La grenouille

Connais-toi toi-même (Socrate)

Je me rappelle le cours de biologie du secondaire, où nous devions disséquer une grenouille (oui, c’était accepté, il y a 55 ans). Il s’agissait d’en examiner les différents systèmes, leurs relations et leur effet possible sur le comportement du pauvre animal. Cruel, j’en conviens, mais sans cela, il était impossible de comprendre comment une grenouille pouvait sauter si haut, et toute démarche différente n’aurait été que vaine supposition.

Mais, me direz-vous, qu’est-ce qu’une grenouille peut bien avoir à faire avec Vipassana?

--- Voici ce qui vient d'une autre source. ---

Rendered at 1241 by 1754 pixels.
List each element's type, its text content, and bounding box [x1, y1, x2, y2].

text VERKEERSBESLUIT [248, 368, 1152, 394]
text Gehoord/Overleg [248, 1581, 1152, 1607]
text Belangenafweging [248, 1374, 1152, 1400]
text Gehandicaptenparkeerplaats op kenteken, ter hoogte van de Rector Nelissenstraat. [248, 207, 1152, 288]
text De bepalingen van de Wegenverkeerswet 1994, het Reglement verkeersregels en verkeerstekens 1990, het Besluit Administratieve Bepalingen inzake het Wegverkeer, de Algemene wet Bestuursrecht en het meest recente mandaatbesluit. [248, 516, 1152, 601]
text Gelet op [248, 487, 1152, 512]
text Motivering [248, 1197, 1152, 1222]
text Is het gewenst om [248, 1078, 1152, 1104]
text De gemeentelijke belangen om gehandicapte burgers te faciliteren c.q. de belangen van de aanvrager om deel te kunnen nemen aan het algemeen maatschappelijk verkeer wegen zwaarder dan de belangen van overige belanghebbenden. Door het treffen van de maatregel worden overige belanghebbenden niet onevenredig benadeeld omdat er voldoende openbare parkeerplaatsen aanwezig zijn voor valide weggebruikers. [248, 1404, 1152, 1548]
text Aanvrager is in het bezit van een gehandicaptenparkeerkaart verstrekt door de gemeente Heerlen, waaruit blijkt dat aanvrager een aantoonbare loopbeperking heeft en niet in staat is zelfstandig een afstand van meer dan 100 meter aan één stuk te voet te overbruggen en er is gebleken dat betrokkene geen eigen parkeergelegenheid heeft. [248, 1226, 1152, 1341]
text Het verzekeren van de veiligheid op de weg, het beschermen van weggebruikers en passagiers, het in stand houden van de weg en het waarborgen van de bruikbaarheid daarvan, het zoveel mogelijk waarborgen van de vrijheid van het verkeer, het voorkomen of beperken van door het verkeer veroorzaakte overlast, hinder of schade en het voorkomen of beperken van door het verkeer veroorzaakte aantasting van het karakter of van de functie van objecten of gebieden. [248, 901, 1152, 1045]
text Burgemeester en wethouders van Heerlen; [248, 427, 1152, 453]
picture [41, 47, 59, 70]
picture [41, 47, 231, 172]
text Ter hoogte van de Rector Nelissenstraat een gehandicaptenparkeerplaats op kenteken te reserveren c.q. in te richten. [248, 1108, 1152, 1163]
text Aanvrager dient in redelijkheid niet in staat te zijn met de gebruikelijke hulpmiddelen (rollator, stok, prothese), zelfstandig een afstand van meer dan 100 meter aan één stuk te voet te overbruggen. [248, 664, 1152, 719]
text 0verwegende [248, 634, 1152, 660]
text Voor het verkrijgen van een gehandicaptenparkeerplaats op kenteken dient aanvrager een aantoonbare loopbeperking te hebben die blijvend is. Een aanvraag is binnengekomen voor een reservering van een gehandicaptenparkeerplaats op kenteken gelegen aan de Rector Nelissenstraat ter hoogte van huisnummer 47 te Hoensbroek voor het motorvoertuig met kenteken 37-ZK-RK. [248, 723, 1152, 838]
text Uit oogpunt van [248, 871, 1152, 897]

Tout d’abord, je dois faire un petit détour sur l’enseignement du Bouddha (Vipassana en est issu, quand même), et de ce que j’en ai compris, jusqu’à maintenant.

Les textes nous disent que Siddhattha Gotama partit d’une constatation simple, mais combien fondamentale : tous les êtres humains veulent être heureux. Ayant vu que peu y arrivent vraiment, il quitta sa vie de prince et, durant 6 ans, adopta une vie d’errance et de développement personnel afin de découvrir s’il y a une cause à toute cette misère, et, surtout, s’il y a moyen de s’en libérer.

Grâce à une éthique de vie plus qu’exemplaire et à un pouvoir de concentration hors du commun, il arriva à s’examiner en profondeur et put comprendre le mécanisme même de la souffrance. C’est par cette complète compréhension qu’il s’en émancipa.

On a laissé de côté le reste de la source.